### Information

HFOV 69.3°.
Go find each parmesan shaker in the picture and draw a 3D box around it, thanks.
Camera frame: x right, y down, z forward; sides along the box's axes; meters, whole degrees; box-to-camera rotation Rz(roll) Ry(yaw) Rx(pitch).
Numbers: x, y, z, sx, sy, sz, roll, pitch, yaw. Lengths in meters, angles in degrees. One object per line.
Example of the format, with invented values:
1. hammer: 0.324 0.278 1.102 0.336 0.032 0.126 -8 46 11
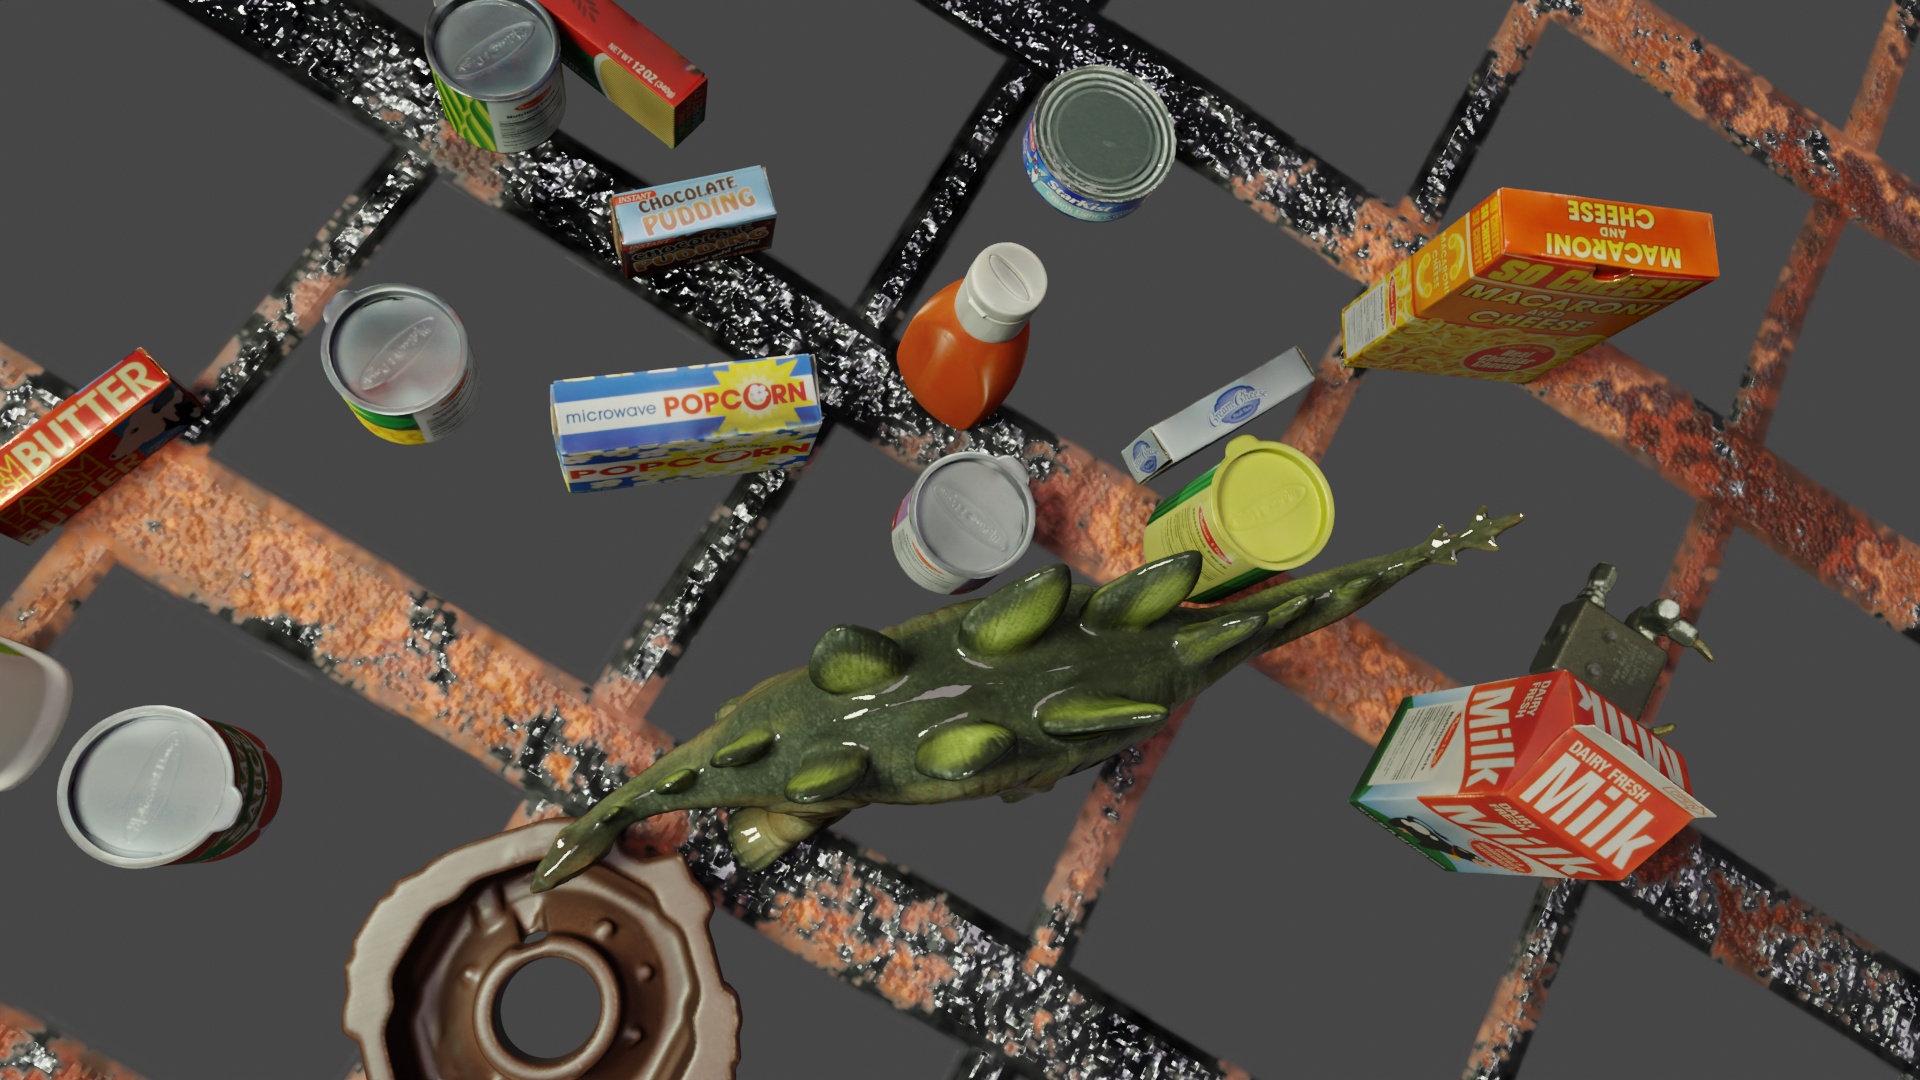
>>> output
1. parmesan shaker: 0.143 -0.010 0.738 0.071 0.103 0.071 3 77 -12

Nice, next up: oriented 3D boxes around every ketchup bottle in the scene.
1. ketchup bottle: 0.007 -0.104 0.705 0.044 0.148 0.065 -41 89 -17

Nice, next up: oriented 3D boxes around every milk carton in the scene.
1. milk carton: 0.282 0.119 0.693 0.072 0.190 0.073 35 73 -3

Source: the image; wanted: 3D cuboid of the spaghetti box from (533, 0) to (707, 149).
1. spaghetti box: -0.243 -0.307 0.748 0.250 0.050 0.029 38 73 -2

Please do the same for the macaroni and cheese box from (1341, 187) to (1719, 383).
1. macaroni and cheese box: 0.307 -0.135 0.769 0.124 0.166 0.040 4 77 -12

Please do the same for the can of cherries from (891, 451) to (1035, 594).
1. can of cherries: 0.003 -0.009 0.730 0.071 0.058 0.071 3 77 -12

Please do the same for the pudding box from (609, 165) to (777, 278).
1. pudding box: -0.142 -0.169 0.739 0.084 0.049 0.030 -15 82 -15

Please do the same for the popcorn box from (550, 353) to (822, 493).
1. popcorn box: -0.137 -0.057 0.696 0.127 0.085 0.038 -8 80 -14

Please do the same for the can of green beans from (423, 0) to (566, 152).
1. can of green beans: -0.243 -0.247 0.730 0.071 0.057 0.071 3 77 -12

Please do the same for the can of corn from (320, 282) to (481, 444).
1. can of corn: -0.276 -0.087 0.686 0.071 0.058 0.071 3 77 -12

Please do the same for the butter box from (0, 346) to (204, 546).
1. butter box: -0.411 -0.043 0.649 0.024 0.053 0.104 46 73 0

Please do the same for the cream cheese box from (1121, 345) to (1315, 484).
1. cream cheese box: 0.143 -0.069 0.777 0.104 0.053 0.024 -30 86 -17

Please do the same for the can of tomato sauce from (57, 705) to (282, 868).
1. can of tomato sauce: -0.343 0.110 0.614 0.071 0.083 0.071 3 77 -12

######
### Information

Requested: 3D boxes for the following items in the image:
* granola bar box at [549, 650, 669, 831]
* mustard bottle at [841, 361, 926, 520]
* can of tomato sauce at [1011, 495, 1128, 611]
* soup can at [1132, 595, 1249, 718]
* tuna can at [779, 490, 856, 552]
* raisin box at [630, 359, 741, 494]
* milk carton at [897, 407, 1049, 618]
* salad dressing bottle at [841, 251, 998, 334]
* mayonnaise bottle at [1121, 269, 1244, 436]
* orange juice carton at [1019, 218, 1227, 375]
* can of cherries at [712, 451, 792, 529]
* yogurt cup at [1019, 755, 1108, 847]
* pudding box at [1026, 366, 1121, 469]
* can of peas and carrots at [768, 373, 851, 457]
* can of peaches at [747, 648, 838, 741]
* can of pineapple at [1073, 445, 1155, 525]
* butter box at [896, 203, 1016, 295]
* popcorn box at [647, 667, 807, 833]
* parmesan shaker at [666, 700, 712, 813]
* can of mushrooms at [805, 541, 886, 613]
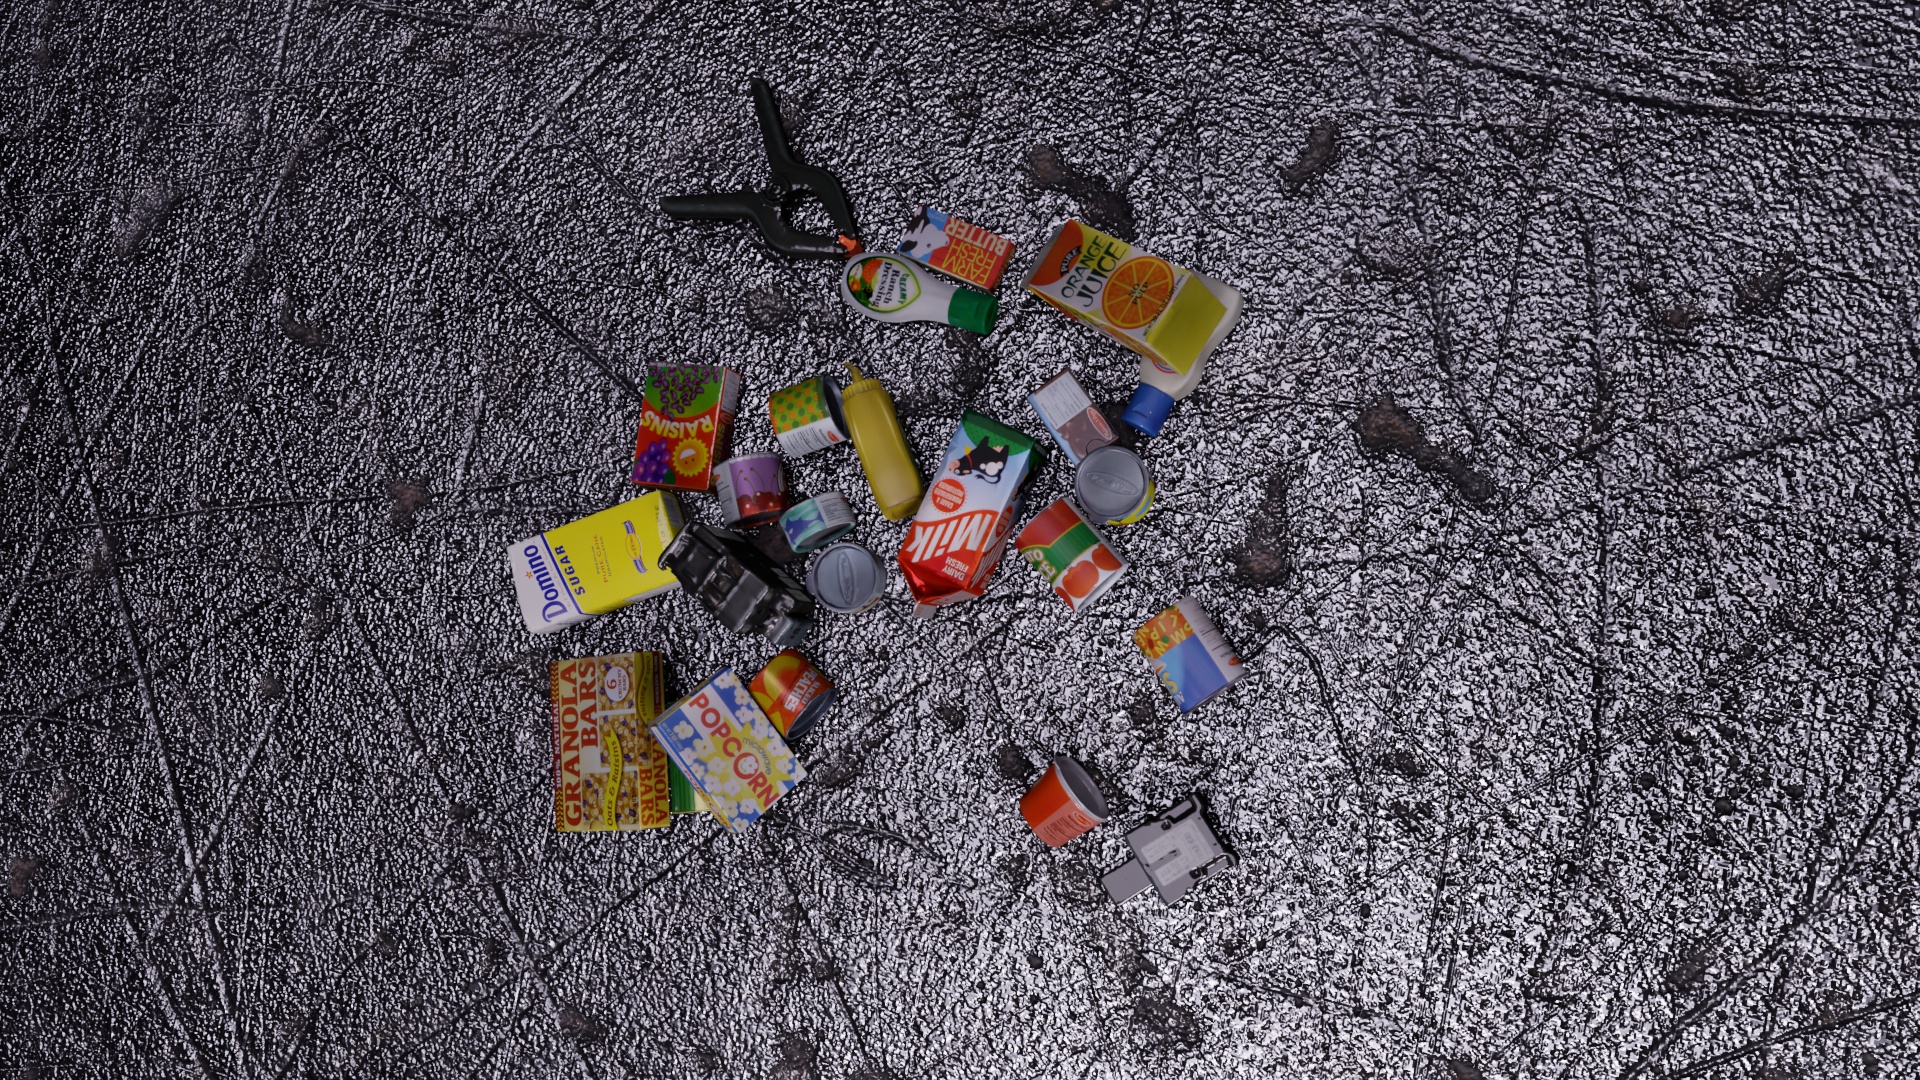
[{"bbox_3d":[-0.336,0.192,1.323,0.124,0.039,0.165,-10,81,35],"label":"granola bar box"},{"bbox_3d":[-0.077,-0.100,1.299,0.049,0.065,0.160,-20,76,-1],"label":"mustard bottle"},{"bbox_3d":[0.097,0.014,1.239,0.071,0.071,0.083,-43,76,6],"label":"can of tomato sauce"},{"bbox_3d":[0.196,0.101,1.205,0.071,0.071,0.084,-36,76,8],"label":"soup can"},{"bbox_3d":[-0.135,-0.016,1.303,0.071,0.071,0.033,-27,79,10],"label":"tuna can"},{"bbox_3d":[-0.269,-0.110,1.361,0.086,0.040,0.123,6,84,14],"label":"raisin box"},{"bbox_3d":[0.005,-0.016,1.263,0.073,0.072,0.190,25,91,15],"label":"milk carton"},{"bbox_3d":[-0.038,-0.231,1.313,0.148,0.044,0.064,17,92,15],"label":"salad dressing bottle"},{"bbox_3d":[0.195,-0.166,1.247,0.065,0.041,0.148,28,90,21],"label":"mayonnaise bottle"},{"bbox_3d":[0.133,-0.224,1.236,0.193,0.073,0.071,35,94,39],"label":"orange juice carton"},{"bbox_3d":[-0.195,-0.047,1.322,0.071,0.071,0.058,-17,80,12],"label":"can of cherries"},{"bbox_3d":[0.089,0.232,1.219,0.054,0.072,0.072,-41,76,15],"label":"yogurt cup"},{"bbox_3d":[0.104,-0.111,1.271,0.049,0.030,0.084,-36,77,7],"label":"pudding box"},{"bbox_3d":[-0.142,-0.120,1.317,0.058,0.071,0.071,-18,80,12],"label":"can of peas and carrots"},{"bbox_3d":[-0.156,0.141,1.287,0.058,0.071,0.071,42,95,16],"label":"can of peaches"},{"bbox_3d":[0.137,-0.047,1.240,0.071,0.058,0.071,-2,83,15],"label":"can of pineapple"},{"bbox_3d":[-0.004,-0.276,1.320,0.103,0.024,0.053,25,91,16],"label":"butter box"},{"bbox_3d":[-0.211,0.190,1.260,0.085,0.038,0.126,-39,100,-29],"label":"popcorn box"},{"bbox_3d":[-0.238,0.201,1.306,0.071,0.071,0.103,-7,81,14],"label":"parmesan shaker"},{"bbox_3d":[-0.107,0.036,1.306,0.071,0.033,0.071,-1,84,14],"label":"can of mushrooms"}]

######

* _Exercise_
Output the material above exactly, but only from the line that carries "490, 856, 552]" through the line that carries "445, 1155, 525]".

* _Task answer_
* tuna can at [779, 490, 856, 552]
* raisin box at [630, 359, 741, 494]
* milk carton at [897, 407, 1049, 618]
* salad dressing bottle at [841, 251, 998, 334]
* mayonnaise bottle at [1121, 269, 1244, 436]
* orange juice carton at [1019, 218, 1227, 375]
* can of cherries at [712, 451, 792, 529]
* yogurt cup at [1019, 755, 1108, 847]
* pudding box at [1026, 366, 1121, 469]
* can of peas and carrots at [768, 373, 851, 457]
* can of peaches at [747, 648, 838, 741]
* can of pineapple at [1073, 445, 1155, 525]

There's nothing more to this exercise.